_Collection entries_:
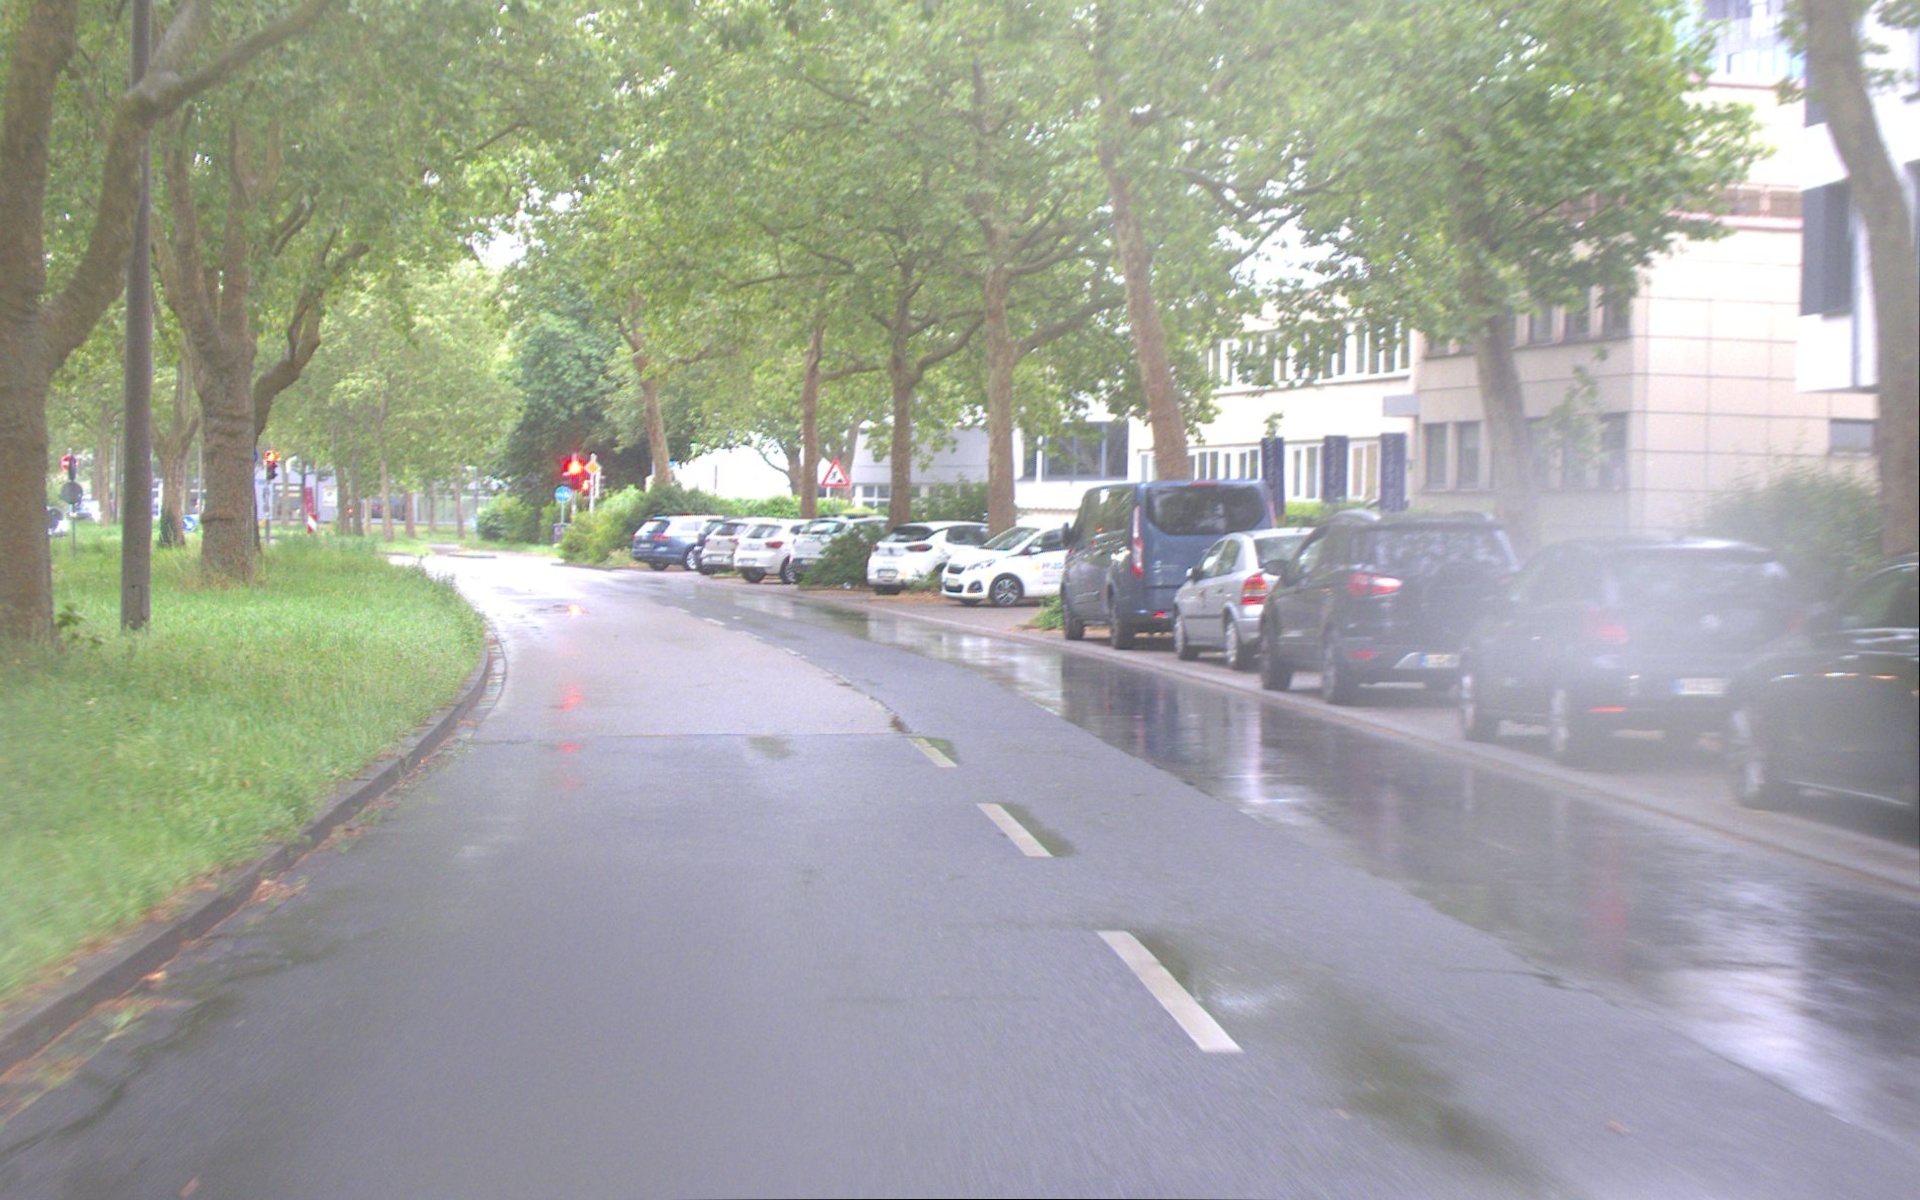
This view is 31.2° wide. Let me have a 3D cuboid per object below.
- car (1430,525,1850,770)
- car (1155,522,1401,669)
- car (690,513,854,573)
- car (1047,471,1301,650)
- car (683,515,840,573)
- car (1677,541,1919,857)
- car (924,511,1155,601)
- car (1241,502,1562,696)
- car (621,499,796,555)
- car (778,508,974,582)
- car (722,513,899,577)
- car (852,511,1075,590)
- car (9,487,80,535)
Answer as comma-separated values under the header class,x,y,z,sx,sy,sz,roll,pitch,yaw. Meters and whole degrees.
class,x,y,z,sx,sy,sz,roll,pitch,yaw
car,4.432,0.250,23.012,1.743,1.471,4.083,1,1,-4
car,3.338,-0.094,36.897,1.743,1.464,4.307,1,1,-7
car,-4.575,-1.386,83.937,3.682,1.411,1.775,0,2,-42
car,2.532,-0.516,42.177,2.121,2.021,5.529,1,1,-7
car,-5.028,-1.421,87.192,3.682,1.411,1.748,0,2,-42
car,5.173,0.447,17.025,1.743,1.423,5.105,1,1,-5
car,1.395,-0.784,60.154,3.634,1.499,1.749,-1,3,-26
car,3.765,-0.056,30.082,1.743,1.561,4.373,1,1,-7
car,-6.765,-1.968,92.700,4.483,1.454,1.749,0,2,-38
car,-1.779,-1.179,73.534,4.027,1.534,1.748,0,2,-43
car,-3.403,-1.263,78.511,3.681,1.411,1.749,0,2,-38
car,0.085,-0.927,64.318,4.027,1.423,1.748,0,2,-42
car,-32.239,-3.130,121.052,1.743,1.644,4.307,0,1,-24

_Task requirements_: Look above for the line that holds "- car (690,513,854,573)", then copy it and each line after it exactly, through the last line of the data.

_Answer to the exercise_:
- car (690,513,854,573)
- car (1047,471,1301,650)
- car (683,515,840,573)
- car (1677,541,1919,857)
- car (924,511,1155,601)
- car (1241,502,1562,696)
- car (621,499,796,555)
- car (778,508,974,582)
- car (722,513,899,577)
- car (852,511,1075,590)
- car (9,487,80,535)
Answer as comma-separated values under the header class,x,y,z,sx,sy,sz,roll,pitch,yaw. Meters and whole degrees.
class,x,y,z,sx,sy,sz,roll,pitch,yaw
car,4.432,0.250,23.012,1.743,1.471,4.083,1,1,-4
car,3.338,-0.094,36.897,1.743,1.464,4.307,1,1,-7
car,-4.575,-1.386,83.937,3.682,1.411,1.775,0,2,-42
car,2.532,-0.516,42.177,2.121,2.021,5.529,1,1,-7
car,-5.028,-1.421,87.192,3.682,1.411,1.748,0,2,-42
car,5.173,0.447,17.025,1.743,1.423,5.105,1,1,-5
car,1.395,-0.784,60.154,3.634,1.499,1.749,-1,3,-26
car,3.765,-0.056,30.082,1.743,1.561,4.373,1,1,-7
car,-6.765,-1.968,92.700,4.483,1.454,1.749,0,2,-38
car,-1.779,-1.179,73.534,4.027,1.534,1.748,0,2,-43
car,-3.403,-1.263,78.511,3.681,1.411,1.749,0,2,-38
car,0.085,-0.927,64.318,4.027,1.423,1.748,0,2,-42
car,-32.239,-3.130,121.052,1.743,1.644,4.307,0,1,-24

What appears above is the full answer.